Sri Lanka Landslide


Approximately 300 estimated dead in landslide caused by monsoon rains

A devastating landslide occurred over a tea plantation in Sri Lanka as hopes for finding survivors are lowering. The death toll is numbered at 100 to a figure as high as 300.

“I don’t think there could be any survivors,” said disaster management minister Mahinda Amaraweera after visiting the site in Haldummulla, 120 miles (190km) from the capital, Colombo.

“It is about 100 people who have been buried as there were some children and some estate workers who were not at their houses at the time of the disaster,” he said.

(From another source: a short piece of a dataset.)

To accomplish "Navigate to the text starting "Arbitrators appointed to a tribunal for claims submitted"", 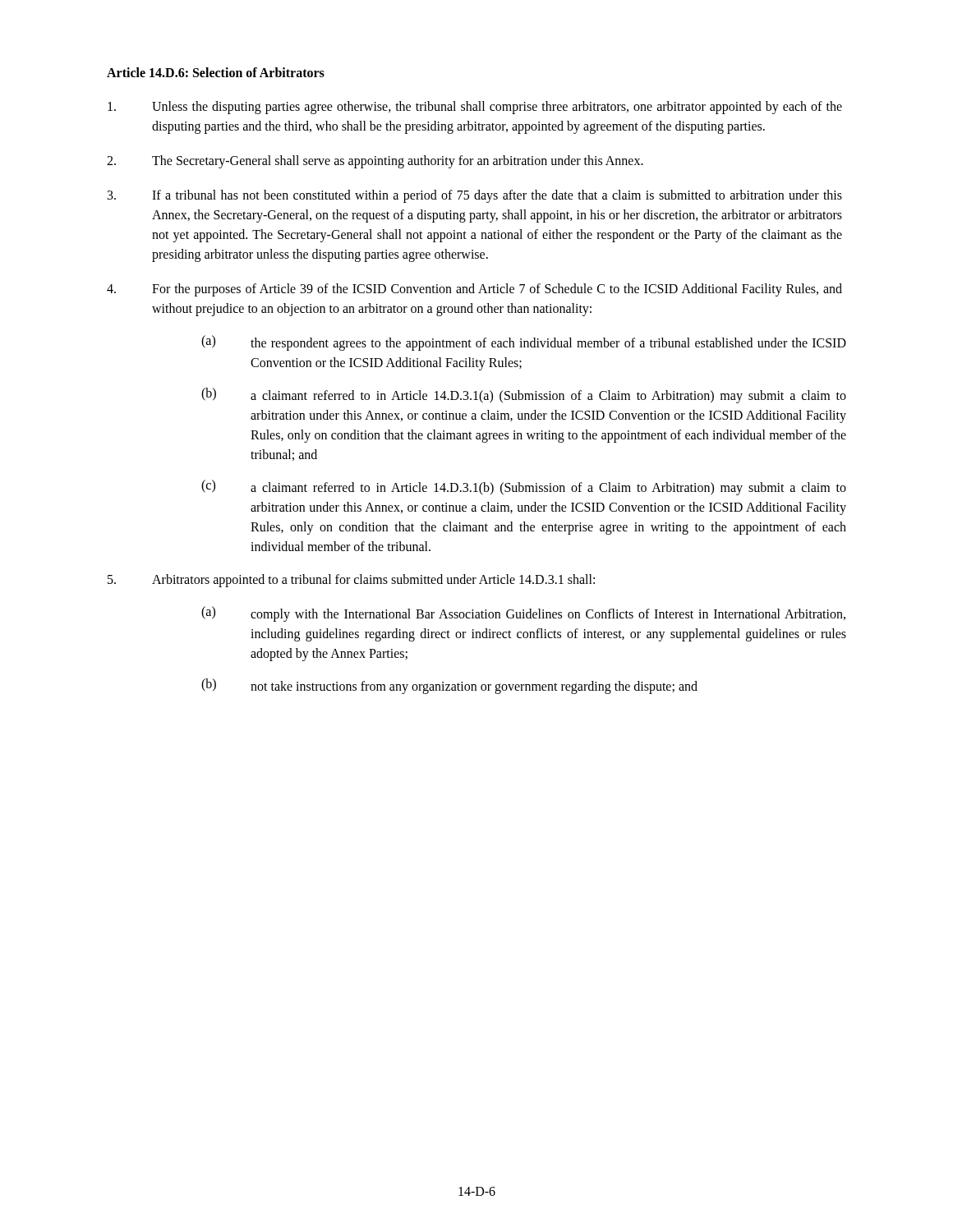I will click(x=474, y=580).

However the country’s disaster management claim it could be up to 300 people.

The centre said heavy monsoon rains caused 150 houses to be buried in the landslide, covering two miles and engulfing the village.

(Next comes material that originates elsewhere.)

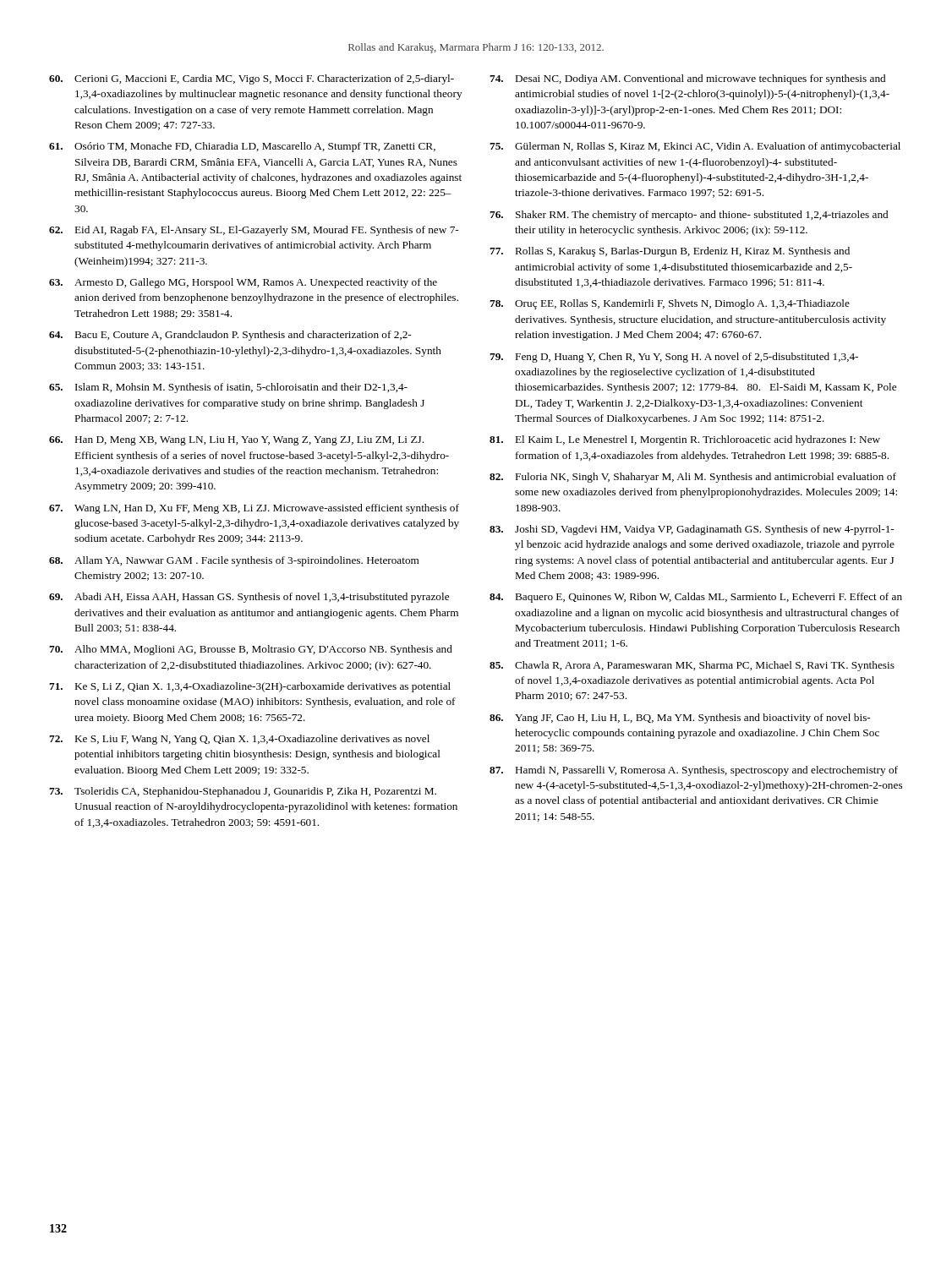Click on the element starting "79. Feng D, Huang"

[x=696, y=387]

Children returning from school were shocked to see their homes gone, nearly 300 people including the children had to sleep in the nearby school after warnings of another landslide.

There have been numerous landslides since mid-September due to heavy rains, this has caused damage to roads but no casualties. Villagers have been previously warned in the years of 2005 and 2013 to move from the area due to the danger of these hazards.

Roads in the central districts of Kandy, Nuwara Eliya, and Badulla were blocked due to landslides.

President Mahinda Rajapaksa tweeted that military aid had been sent to speed up search and rescue operations.

The people living in the affected hilly area are mostly of Indian Tamil heritage and are descendants of workers brought to Sri Lanka from South India under British rule. They worked on tea, rubber and coffee plantations.